I'm new to STARZ and Dish. I have a 622 and, last night, I watched "Pirates of the Caribbean: Dead Man's Chest" and recorded it at the same time. It was presented in Widescreen, 2.35:1 or thereabouts, and looked fantastic on my 50" plasma. Despite the action and the beauty, I fell asleep towards the end. 

This afternoon I noticed that it was on again, so I jumped in at about the time I fell asleep, and began watching it. Oddly, today's aspect ratio was 16x9. I double-checked both the TV and the 622 aspect setting, as well as the recorded version from the night before: everything was set right, and the recorded movie was 2.35:1.

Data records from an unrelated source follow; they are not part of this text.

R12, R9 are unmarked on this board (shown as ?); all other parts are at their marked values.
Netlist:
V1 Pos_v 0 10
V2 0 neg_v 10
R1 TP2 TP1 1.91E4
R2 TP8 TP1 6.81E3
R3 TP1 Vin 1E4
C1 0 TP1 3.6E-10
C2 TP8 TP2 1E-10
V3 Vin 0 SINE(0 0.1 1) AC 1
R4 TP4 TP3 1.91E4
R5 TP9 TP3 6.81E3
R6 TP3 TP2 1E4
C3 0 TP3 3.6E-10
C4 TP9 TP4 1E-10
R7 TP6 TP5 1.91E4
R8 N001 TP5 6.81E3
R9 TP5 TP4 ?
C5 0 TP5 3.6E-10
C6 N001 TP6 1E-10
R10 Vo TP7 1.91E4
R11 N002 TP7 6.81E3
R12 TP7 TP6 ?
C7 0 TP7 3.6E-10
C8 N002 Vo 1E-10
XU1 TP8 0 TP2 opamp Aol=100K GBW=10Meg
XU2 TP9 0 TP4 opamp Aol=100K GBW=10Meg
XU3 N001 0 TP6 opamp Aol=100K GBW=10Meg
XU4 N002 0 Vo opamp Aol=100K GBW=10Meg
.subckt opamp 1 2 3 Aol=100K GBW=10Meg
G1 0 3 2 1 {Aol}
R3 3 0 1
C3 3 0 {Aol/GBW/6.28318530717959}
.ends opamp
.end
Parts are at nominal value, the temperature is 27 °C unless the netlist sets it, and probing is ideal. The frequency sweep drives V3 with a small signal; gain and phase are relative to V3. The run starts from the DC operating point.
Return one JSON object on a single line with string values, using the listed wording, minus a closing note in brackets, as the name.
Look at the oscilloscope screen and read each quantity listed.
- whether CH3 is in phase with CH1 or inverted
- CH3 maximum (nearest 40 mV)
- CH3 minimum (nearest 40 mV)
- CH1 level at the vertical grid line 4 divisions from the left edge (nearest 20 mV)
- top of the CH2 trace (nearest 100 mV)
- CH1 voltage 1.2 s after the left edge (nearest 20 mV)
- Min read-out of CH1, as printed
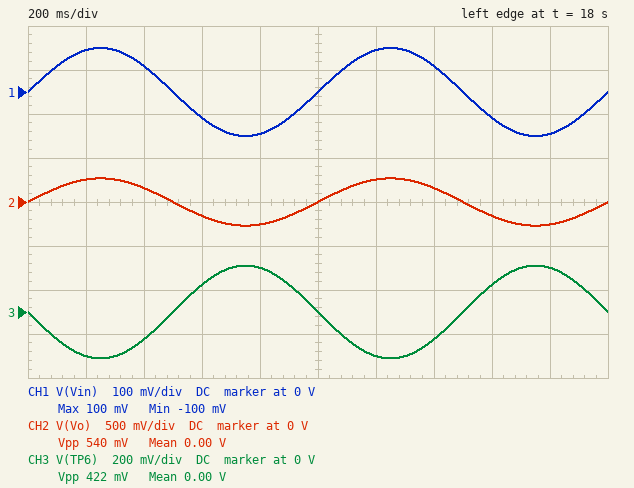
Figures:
{"whether CH3 is in phase with CH1 or inverted": "inverted", "CH3 maximum": "200 mV", "CH3 minimum": "-200 mV", "CH1 level at the vertical grid line 4 divisions from the left edge": "-100 mV", "top of the CH2 trace": "300 mV", "CH1 voltage 1.2 s after the left edge": "100 mV", "Min read-out of CH1, as printed": "-100 mV"}
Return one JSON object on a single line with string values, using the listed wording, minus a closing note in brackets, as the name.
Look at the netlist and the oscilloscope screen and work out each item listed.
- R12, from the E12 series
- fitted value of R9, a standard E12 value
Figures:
{"R12, from the E12 series": "15 kΩ", "fitted value of R9, a standard E12 value": "33 kΩ"}
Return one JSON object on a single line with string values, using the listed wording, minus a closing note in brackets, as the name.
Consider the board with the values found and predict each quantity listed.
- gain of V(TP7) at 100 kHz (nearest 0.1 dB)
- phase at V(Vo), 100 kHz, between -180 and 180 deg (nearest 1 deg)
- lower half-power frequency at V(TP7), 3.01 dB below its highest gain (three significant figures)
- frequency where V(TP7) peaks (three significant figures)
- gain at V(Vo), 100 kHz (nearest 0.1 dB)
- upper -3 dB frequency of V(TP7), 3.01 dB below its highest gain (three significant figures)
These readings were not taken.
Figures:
{"gain of V(TP7) at 100 kHz": "-29.2 dB", "phase at V(Vo), 100 kHz, between -180 and 180 deg": "-90 deg", "lower half-power frequency at V(TP7), 3.01 dB below its highest gain": "18.8 kHz", "frequency where V(TP7) peaks": "37.5 kHz", "gain at V(Vo), 100 kHz": "-22.0 dB", "upper -3 dB frequency of V(TP7), 3.01 dB below its highest gain": "59.1 kHz"}
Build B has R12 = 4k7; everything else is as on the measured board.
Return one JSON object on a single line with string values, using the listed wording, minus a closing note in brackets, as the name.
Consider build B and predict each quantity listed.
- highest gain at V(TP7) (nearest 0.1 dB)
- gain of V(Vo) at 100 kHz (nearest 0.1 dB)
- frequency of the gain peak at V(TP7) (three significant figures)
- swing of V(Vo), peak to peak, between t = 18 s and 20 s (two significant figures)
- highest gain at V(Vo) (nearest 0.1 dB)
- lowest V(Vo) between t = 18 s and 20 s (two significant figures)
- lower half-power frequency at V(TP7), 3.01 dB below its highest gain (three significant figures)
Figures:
{"highest gain at V(TP7)": "-3.2 dB", "gain of V(Vo) at 100 kHz": "-15.4 dB", "frequency of the gain peak at V(TP7)": "31.8 kHz", "swing of V(Vo), peak to peak, between t = 18 s and 20 s": "1.7 V", "highest gain at V(Vo)": "18.7 dB", "lowest V(Vo) between t = 18 s and 20 s": "-860 mV", "lower half-power frequency at V(TP7), 3.01 dB below its highest gain": "14.8 kHz"}
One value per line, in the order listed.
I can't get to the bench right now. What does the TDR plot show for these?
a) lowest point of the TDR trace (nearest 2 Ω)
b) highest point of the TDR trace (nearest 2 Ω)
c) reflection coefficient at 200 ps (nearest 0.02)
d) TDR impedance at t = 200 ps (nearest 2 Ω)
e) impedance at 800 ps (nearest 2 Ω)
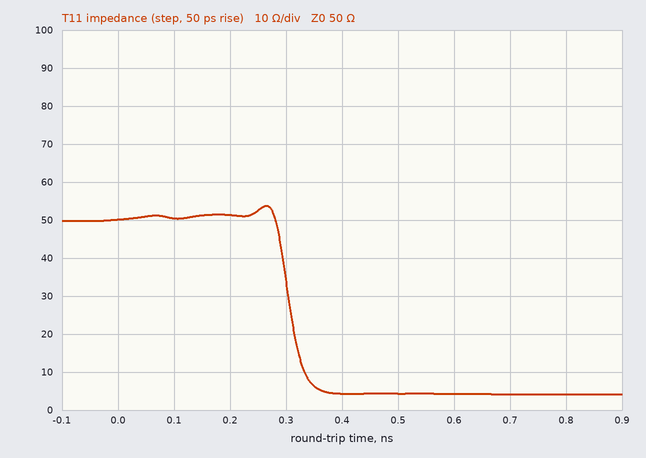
4 Ω
54 Ω
+0.02
52 Ω
4 Ω
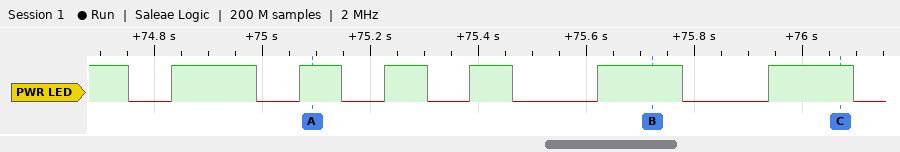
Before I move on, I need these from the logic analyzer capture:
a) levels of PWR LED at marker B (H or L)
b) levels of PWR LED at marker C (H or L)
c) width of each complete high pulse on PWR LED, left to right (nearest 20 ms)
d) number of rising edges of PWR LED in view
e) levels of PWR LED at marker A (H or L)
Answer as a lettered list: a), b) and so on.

a) PWR LED=H
b) PWR LED=H
c) 160 ms, 80 ms, 80 ms, 80 ms, 160 ms, 160 ms
d) 6
e) PWR LED=H

What gives? Does STARZ randomly modify it's aspect ratio?

Man I wish that all HD was transmitted in it's native ratio: we'd still have the option of zooming if we chose too, but we'd also be able to choose to watch it as it was intended to be seen.


----------



## whatchel1 (Jan 11, 2006)

Waimea said:


> Hi,
> 
> I'm new to STARZ and Dish. I have a 622 and, last night, I watched "Pirates of the Caribbean: Dead Man's Chest" and recorded it at the same time. It was presented in Widescreen, 2.35:1 or thereabouts, and looked fantastic on my 50" plasma. Despite the action and the beauty, I fell asleep towards the end.
> 
> ...


Don't know why they would run it in one aspect ratio one night and a different one the next day. Maybe someone had accidently set it to wrong ratio when they were running it last night. I watched it last night and notice the fact that it was in 2.35 : 1 as well. Just figured that that was the ratio that the studio had sent them. Wonder if by chance studio sent them 2 different copies of film one is the OAR and another in an HD DVD or Blue Ray version that was resized to 16 X 9.


----------



## Wu-Infinite (Mar 24, 2007)

I missed the first hour or so of the premiere saturday night, I already had it recorded from dish ppv before but I erased that copy and decided to record the second showing witch was at 8 AM sunday morning, when I got home from work I did realize the recording was 16x9 but I remember the premiere being in it's original version. I wonder if by some chance we watched the premiere on the regular starz channel instead of the hd one??? could that be the case? I know the copy I got in my dvr is in hd because of the logo, but I can't remember if I watch the premiere on the hd channel or not, I used to go to it all the time when there was no map down, but now sometimes I be watching a movie and realize i'm not on the hd channel.


----------



## joebird (Sep 15, 2003)

This morning it was on, and it definitely had the black bars (so it was greater than 1.78:1 aspect ratio). I'd not seen any other version of it on before that.


----------



## Jerry G (Jul 12, 2003)

It's been shown both ways, 2.35 and 1.85 in the past week. Everytime I've tried to record it, I ended up picking the butchered 1.85 version. I can't begin to understand why StarzHD is demonstrating such bizarre behavior, but they indeed are.


----------



## HDTVFanAtic (Jul 23, 2005)

Probably has to do with the fact that most Joe 6 Packs don't want lines on their screens - thus they are showing both ways to try and please everyone at some point in time.


----------



## Wu-Infinite (Mar 24, 2007)

i noticed if you want to record the 2:35 aspect ratio record the showing that's is on during prime time at night that's the only time I seen it shown in it's original version the other showings are different.


----------